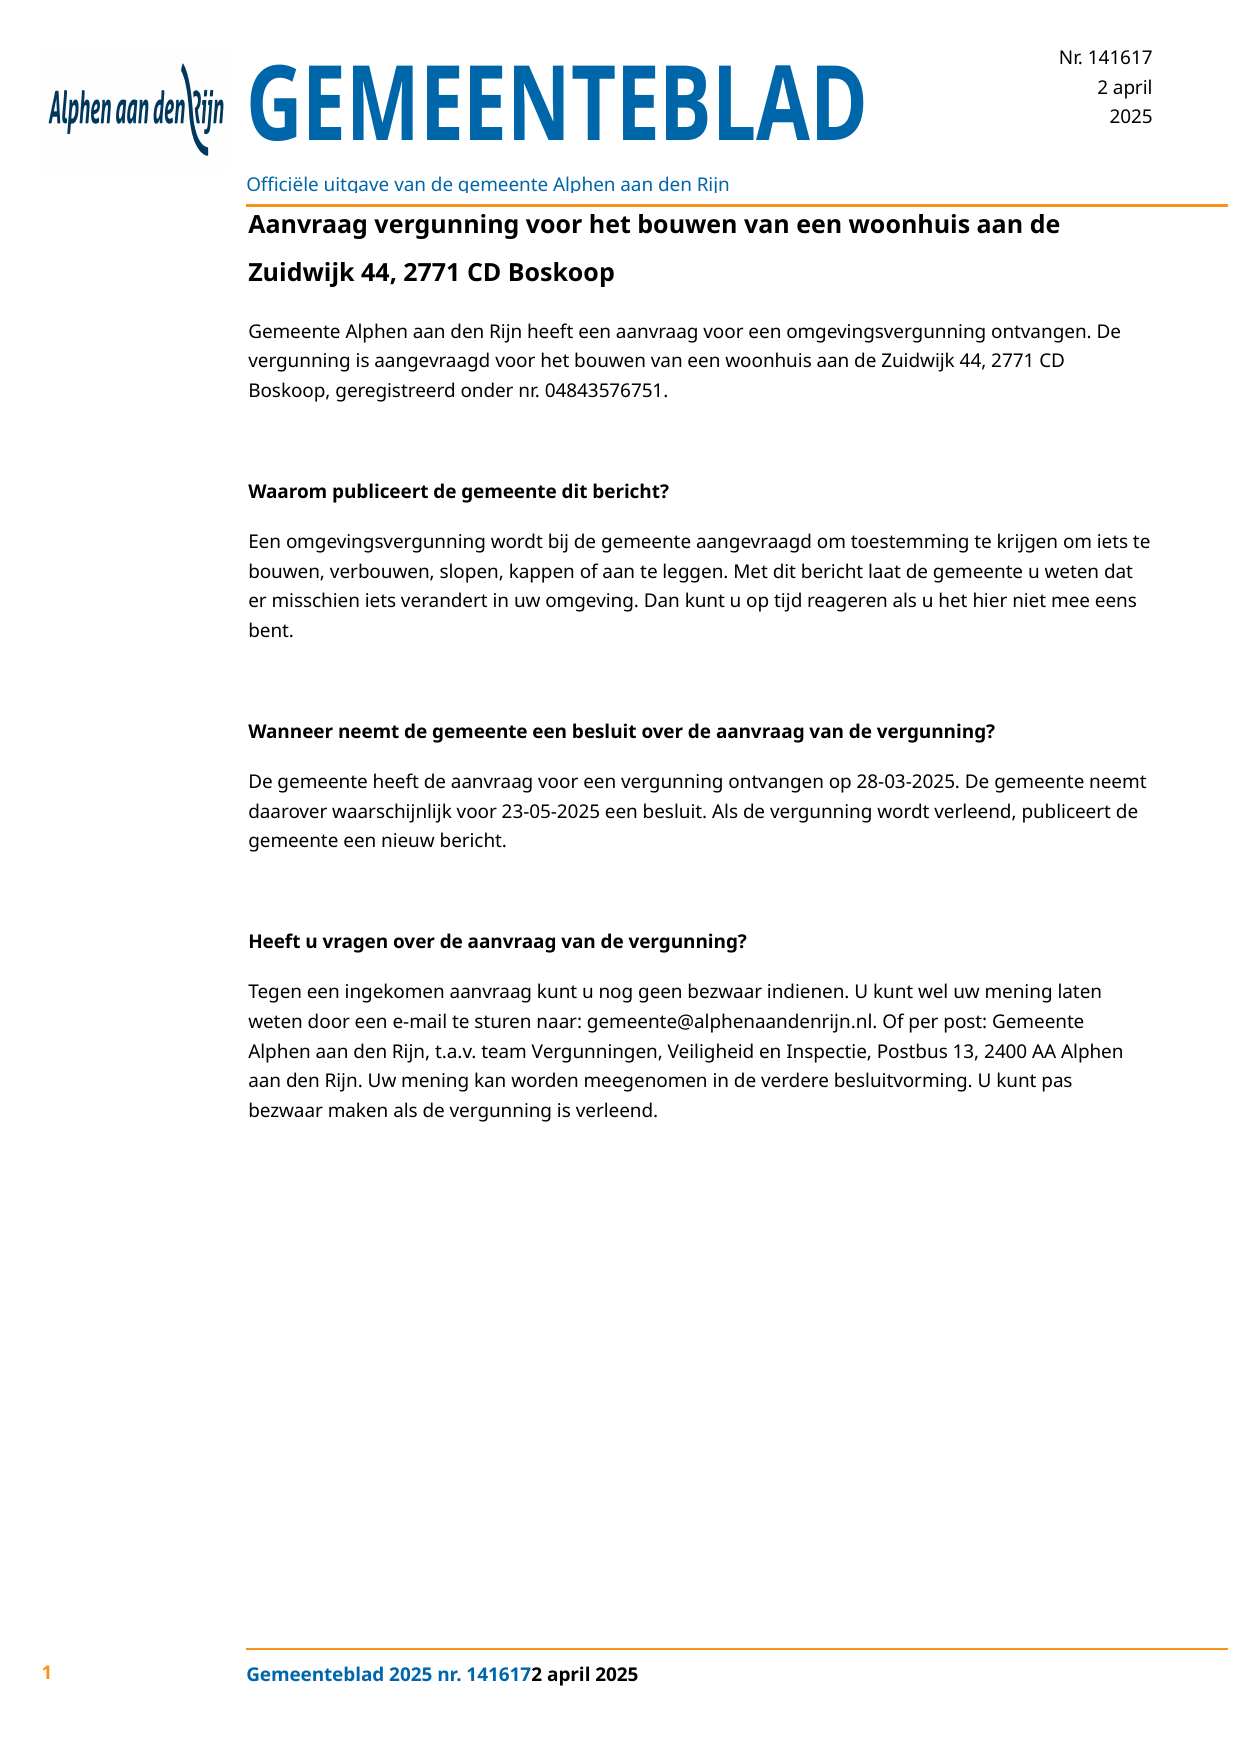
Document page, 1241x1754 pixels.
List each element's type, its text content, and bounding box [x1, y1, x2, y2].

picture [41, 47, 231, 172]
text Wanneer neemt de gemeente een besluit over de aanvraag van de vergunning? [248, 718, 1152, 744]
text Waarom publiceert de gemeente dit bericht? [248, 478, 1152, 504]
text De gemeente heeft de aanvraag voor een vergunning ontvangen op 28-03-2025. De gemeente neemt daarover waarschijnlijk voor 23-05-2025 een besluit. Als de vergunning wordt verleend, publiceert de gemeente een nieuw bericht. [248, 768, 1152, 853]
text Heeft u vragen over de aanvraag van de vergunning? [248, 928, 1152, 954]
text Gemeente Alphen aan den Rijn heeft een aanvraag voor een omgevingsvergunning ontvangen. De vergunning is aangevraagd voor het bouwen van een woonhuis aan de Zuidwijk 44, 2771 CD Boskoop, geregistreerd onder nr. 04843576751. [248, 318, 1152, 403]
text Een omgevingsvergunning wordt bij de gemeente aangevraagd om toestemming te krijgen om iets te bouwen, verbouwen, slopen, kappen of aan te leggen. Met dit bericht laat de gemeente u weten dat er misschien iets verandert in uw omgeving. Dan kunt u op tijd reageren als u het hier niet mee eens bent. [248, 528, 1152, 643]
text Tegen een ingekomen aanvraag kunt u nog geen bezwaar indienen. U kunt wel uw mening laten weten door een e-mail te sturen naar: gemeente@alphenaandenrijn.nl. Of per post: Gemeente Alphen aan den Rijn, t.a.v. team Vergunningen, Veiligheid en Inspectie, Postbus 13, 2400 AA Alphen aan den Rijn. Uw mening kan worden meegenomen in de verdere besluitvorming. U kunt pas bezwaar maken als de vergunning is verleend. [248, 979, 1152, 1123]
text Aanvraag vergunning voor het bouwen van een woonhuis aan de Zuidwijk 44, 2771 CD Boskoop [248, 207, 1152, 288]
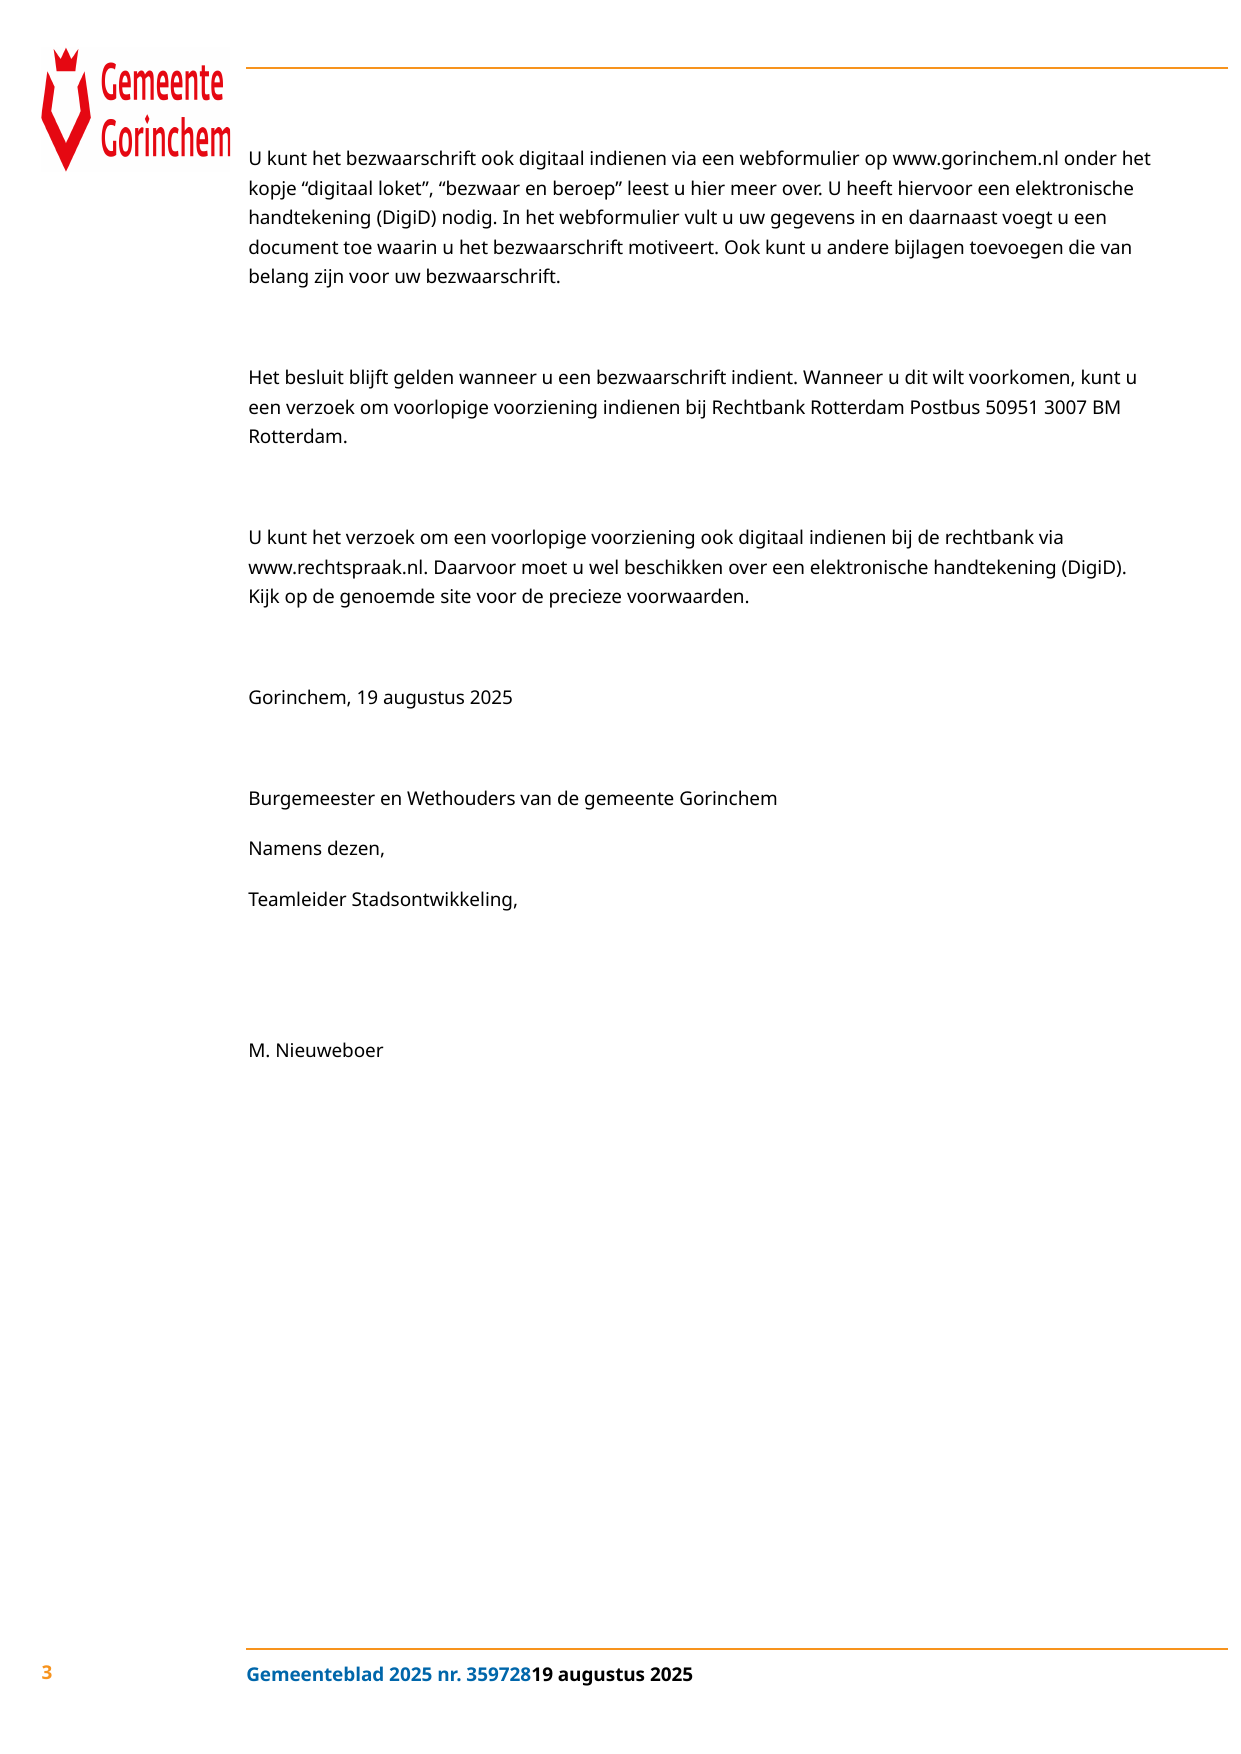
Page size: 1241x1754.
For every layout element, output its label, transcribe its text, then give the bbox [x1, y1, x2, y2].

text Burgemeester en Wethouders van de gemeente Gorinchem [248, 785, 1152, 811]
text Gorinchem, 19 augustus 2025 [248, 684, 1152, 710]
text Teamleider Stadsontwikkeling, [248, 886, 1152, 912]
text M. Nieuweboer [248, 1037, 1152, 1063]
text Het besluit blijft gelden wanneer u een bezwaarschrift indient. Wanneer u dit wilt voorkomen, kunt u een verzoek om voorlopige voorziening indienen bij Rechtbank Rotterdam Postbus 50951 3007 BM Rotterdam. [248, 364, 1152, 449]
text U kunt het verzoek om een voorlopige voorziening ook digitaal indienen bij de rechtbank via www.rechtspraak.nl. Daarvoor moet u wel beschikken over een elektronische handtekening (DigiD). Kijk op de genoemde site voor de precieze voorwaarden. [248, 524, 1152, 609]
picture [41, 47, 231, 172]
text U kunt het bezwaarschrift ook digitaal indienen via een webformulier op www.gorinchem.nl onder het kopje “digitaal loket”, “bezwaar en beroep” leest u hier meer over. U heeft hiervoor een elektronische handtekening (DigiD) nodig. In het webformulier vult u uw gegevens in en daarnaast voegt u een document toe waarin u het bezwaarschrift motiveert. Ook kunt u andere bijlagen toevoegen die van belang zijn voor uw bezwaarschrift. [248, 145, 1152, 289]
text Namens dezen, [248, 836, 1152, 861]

● **Exercise**:
The full material above must be output verbatim, minus any pictures.

● **Response area**:
Document page, 1241x1754 pixels.
List each element's type, its text content, and bounding box [x1, y1, x2, y2].

picture [41, 47, 231, 172]
text Wanneer neemt de gemeente een besluit over de aanvraag van de vergunning? [248, 718, 1152, 744]
text Waarom publiceert de gemeente dit bericht? [248, 478, 1152, 504]
text De gemeente heeft de aanvraag voor een vergunning ontvangen op 28-03-2025. De gemeente neemt daarover waarschijnlijk voor 23-05-2025 een besluit. Als de vergunning wordt verleend, publiceert de gemeente een nieuw bericht. [248, 768, 1152, 853]
text Heeft u vragen over de aanvraag van de vergunning? [248, 928, 1152, 954]
text Gemeente Alphen aan den Rijn heeft een aanvraag voor een omgevingsvergunning ontvangen. De vergunning is aangevraagd voor het bouwen van een woonhuis aan de Zuidwijk 44, 2771 CD Boskoop, geregistreerd onder nr. 04843576751. [248, 318, 1152, 403]
text Een omgevingsvergunning wordt bij de gemeente aangevraagd om toestemming te krijgen om iets te bouwen, verbouwen, slopen, kappen of aan te leggen. Met dit bericht laat de gemeente u weten dat er misschien iets verandert in uw omgeving. Dan kunt u op tijd reageren als u het hier niet mee eens bent. [248, 528, 1152, 643]
text Tegen een ingekomen aanvraag kunt u nog geen bezwaar indienen. U kunt wel uw mening laten weten door een e-mail te sturen naar: gemeente@alphenaandenrijn.nl. Of per post: Gemeente Alphen aan den Rijn, t.a.v. team Vergunningen, Veiligheid en Inspectie, Postbus 13, 2400 AA Alphen aan den Rijn. Uw mening kan worden meegenomen in de verdere besluitvorming. U kunt pas bezwaar maken als de vergunning is verleend. [248, 979, 1152, 1123]
text Aanvraag vergunning voor het bouwen van een woonhuis aan de Zuidwijk 44, 2771 CD Boskoop [248, 207, 1152, 288]
Page size: 1241x1754.
For every layout element, output its label, transcribe its text, then give the bbox [x1, y1, x2, y2].

text Burgemeester en Wethouders van de gemeente Gorinchem [248, 785, 1152, 811]
text Gorinchem, 19 augustus 2025 [248, 684, 1152, 710]
text Teamleider Stadsontwikkeling, [248, 886, 1152, 912]
text M. Nieuweboer [248, 1037, 1152, 1063]
text Het besluit blijft gelden wanneer u een bezwaarschrift indient. Wanneer u dit wilt voorkomen, kunt u een verzoek om voorlopige voorziening indienen bij Rechtbank Rotterdam Postbus 50951 3007 BM Rotterdam. [248, 364, 1152, 449]
text U kunt het verzoek om een voorlopige voorziening ook digitaal indienen bij de rechtbank via www.rechtspraak.nl. Daarvoor moet u wel beschikken over een elektronische handtekening (DigiD). Kijk op de genoemde site voor de precieze voorwaarden. [248, 524, 1152, 609]
picture [41, 47, 231, 172]
text U kunt het bezwaarschrift ook digitaal indienen via een webformulier op www.gorinchem.nl onder het kopje “digitaal loket”, “bezwaar en beroep” leest u hier meer over. U heeft hiervoor een elektronische handtekening (DigiD) nodig. In het webformulier vult u uw gegevens in en daarnaast voegt u een document toe waarin u het bezwaarschrift motiveert. Ook kunt u andere bijlagen toevoegen die van belang zijn voor uw bezwaarschrift. [248, 145, 1152, 289]
text Namens dezen, [248, 836, 1152, 861]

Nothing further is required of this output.